(Stored entries)
■ ■ ■

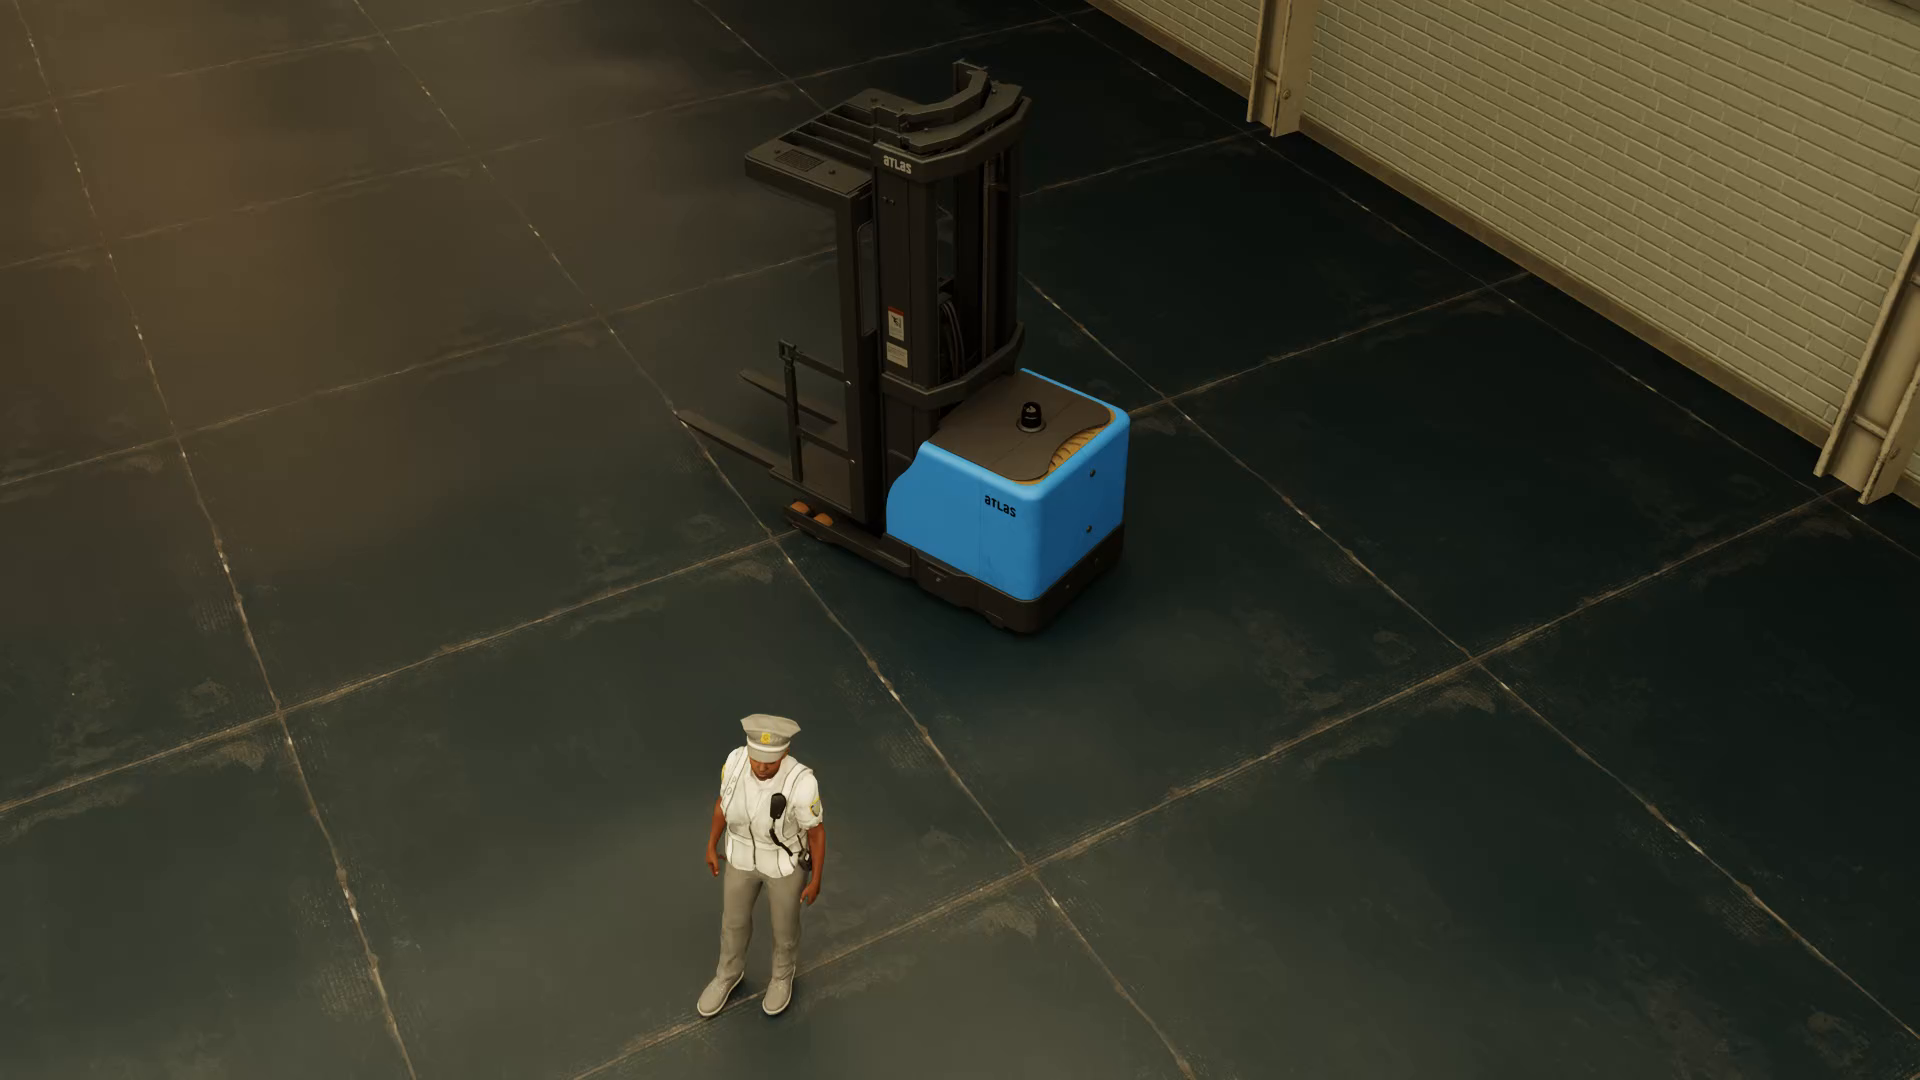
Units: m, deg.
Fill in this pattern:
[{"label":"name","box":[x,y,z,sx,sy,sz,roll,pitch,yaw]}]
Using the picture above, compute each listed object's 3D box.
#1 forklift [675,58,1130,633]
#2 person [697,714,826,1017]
[{"label":"forklift","box":[-0.481,-1.366,9.683,3.031,2.935,1.130,26,46,28]},{"label":"person","box":[-0.880,1.440,7.259,0.569,1.694,0.528,13,41,15]}]
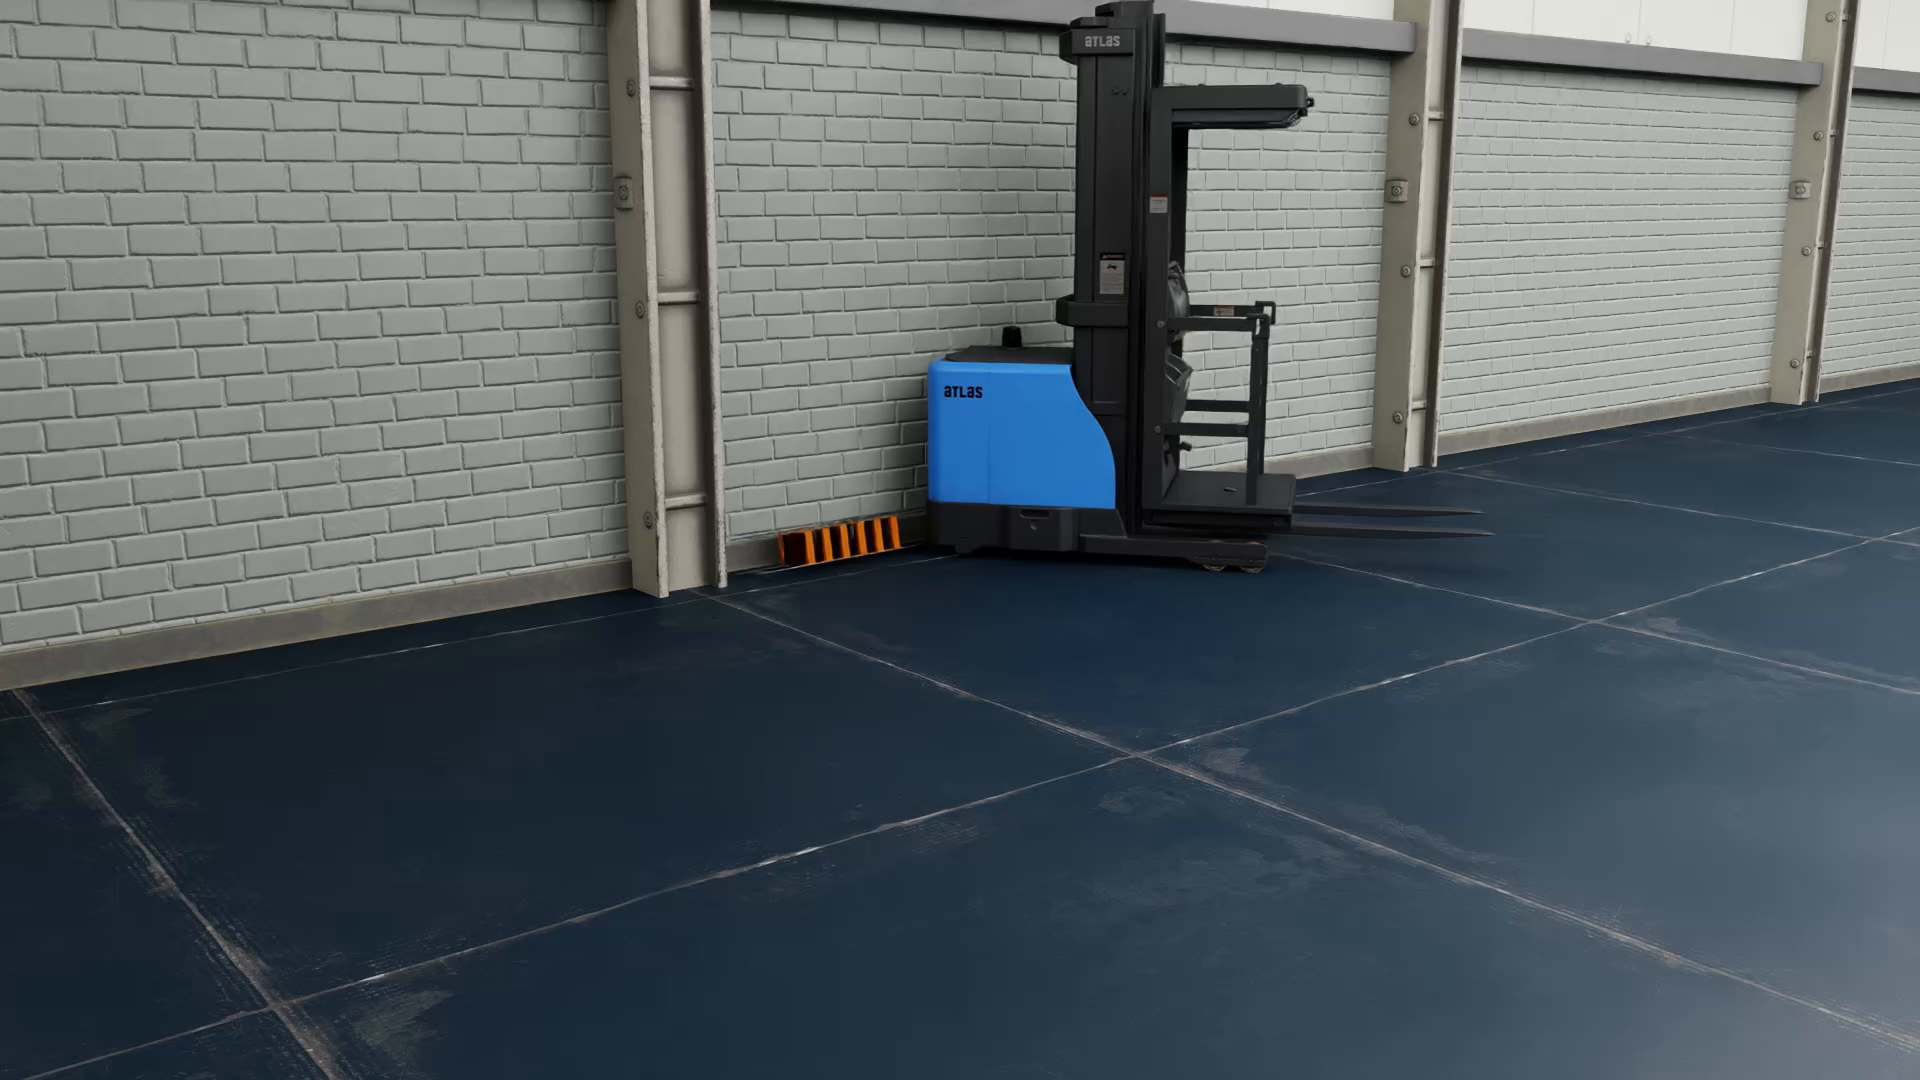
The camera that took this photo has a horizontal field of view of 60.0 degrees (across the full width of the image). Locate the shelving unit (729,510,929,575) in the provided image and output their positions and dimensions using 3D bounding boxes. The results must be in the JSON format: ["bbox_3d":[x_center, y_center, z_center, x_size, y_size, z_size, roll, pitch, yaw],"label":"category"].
[{"bbox_3d":[-0.681,0.007,9.020,1.200,0.189,0.258,-11,5,-43],"label":"shelving unit"}]

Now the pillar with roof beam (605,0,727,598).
[{"bbox_3d":[1.251,-3.466,4.289,0.400,9.000,9.100,-9,15,-38],"label":"pillar with roof beam"}]

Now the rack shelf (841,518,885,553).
[{"bbox_3d":[-0.540,-0.019,9.153,0.103,0.180,0.258,-11,5,-43],"label":"rack shelf"}]

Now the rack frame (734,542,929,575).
[{"bbox_3d":[-0.670,0.098,9.026,1.200,0.006,0.240,-11,5,-43],"label":"rack frame"}]

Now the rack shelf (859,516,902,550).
[{"bbox_3d":[-0.454,-0.035,9.235,0.103,0.180,0.258,-11,5,-43],"label":"rack shelf"}]

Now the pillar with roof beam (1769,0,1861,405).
[{"bbox_3d":[10.621,-5.024,11.622,0.400,9.000,9.100,-9,15,-38],"label":"pillar with roof beam"}]

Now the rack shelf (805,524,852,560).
[{"bbox_3d":[-0.713,0.013,8.990,0.103,0.180,0.258,-11,5,-43],"label":"rack shelf"}]

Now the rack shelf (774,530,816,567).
[{"bbox_3d":[-0.886,0.045,8.827,0.103,0.180,0.258,-11,5,-43],"label":"rack shelf"}]

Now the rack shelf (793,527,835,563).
[{"bbox_3d":[-0.800,0.029,8.908,0.103,0.180,0.258,-11,5,-43],"label":"rack shelf"}]

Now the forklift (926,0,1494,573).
[{"bbox_3d":[1.382,-1.380,9.072,3.031,2.935,1.130,3,12,12],"label":"forklift"}]

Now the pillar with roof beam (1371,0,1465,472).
[{"bbox_3d":[5.936,-4.245,7.955,0.400,9.000,9.100,-9,15,-38],"label":"pillar with roof beam"}]

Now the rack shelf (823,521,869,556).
[{"bbox_3d":[-0.627,-0.003,9.072,0.103,0.180,0.258,-11,5,-43],"label":"rack shelf"}]

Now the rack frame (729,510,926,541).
[{"bbox_3d":[-0.692,-0.084,9.014,1.200,0.006,0.240,-11,5,-43],"label":"rack frame"}]
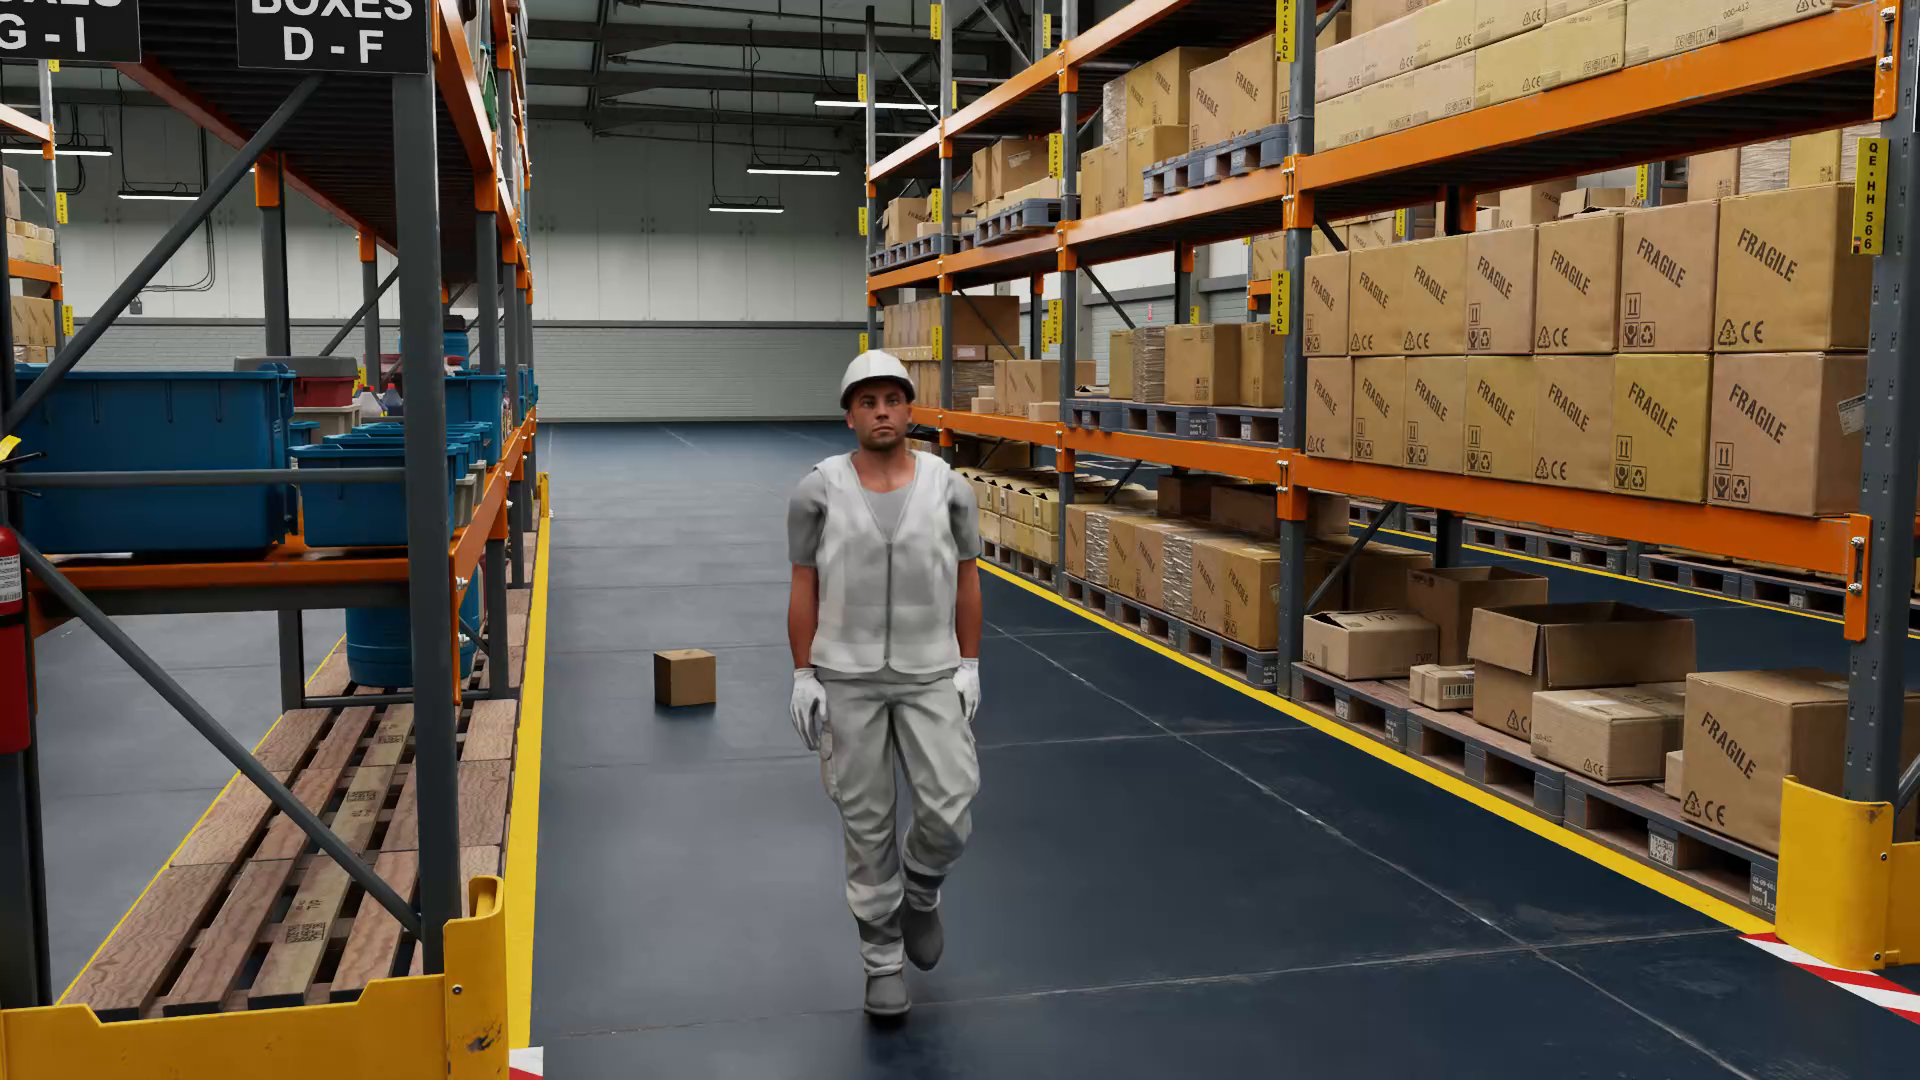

■ ■ ■

## What needs to be done
Send back the data above verbatim, leaving out its pictures.

## The answer
Units: m, deg.
Fill in this pattern:
[{"label":"name","box":[x,y,z,sx,sy,sz,roll,pitch,yaw]}]
Using the picture above, compute each listed object's 3D box.
#1 forklift [675,58,1130,633]
#2 person [697,714,826,1017]
[{"label":"forklift","box":[-0.481,-1.366,9.683,3.031,2.935,1.130,26,46,28]},{"label":"person","box":[-0.880,1.440,7.259,0.569,1.694,0.528,13,41,15]}]
The camera that took this photo has a horizontal field of view of 60.0 degrees (across the full width of the image). Locate the shelving unit (729,510,929,575) in the provided image and output their positions and dimensions using 3D bounding boxes. The results must be in the JSON format: ["bbox_3d":[x_center, y_center, z_center, x_size, y_size, z_size, roll, pitch, yaw],"label":"category"].
[{"bbox_3d":[-0.681,0.007,9.020,1.200,0.189,0.258,-11,5,-43],"label":"shelving unit"}]

Now the pillar with roof beam (605,0,727,598).
[{"bbox_3d":[1.251,-3.466,4.289,0.400,9.000,9.100,-9,15,-38],"label":"pillar with roof beam"}]

Now the rack shelf (841,518,885,553).
[{"bbox_3d":[-0.540,-0.019,9.153,0.103,0.180,0.258,-11,5,-43],"label":"rack shelf"}]

Now the rack frame (734,542,929,575).
[{"bbox_3d":[-0.670,0.098,9.026,1.200,0.006,0.240,-11,5,-43],"label":"rack frame"}]

Now the rack shelf (859,516,902,550).
[{"bbox_3d":[-0.454,-0.035,9.235,0.103,0.180,0.258,-11,5,-43],"label":"rack shelf"}]

Now the pillar with roof beam (1769,0,1861,405).
[{"bbox_3d":[10.621,-5.024,11.622,0.400,9.000,9.100,-9,15,-38],"label":"pillar with roof beam"}]

Now the rack shelf (805,524,852,560).
[{"bbox_3d":[-0.713,0.013,8.990,0.103,0.180,0.258,-11,5,-43],"label":"rack shelf"}]

Now the rack shelf (774,530,816,567).
[{"bbox_3d":[-0.886,0.045,8.827,0.103,0.180,0.258,-11,5,-43],"label":"rack shelf"}]

Now the rack shelf (793,527,835,563).
[{"bbox_3d":[-0.800,0.029,8.908,0.103,0.180,0.258,-11,5,-43],"label":"rack shelf"}]

Now the forklift (926,0,1494,573).
[{"bbox_3d":[1.382,-1.380,9.072,3.031,2.935,1.130,3,12,12],"label":"forklift"}]

Now the pillar with roof beam (1371,0,1465,472).
[{"bbox_3d":[5.936,-4.245,7.955,0.400,9.000,9.100,-9,15,-38],"label":"pillar with roof beam"}]

Now the rack shelf (823,521,869,556).
[{"bbox_3d":[-0.627,-0.003,9.072,0.103,0.180,0.258,-11,5,-43],"label":"rack shelf"}]

Now the rack frame (729,510,926,541).
[{"bbox_3d":[-0.692,-0.084,9.014,1.200,0.006,0.240,-11,5,-43],"label":"rack frame"}]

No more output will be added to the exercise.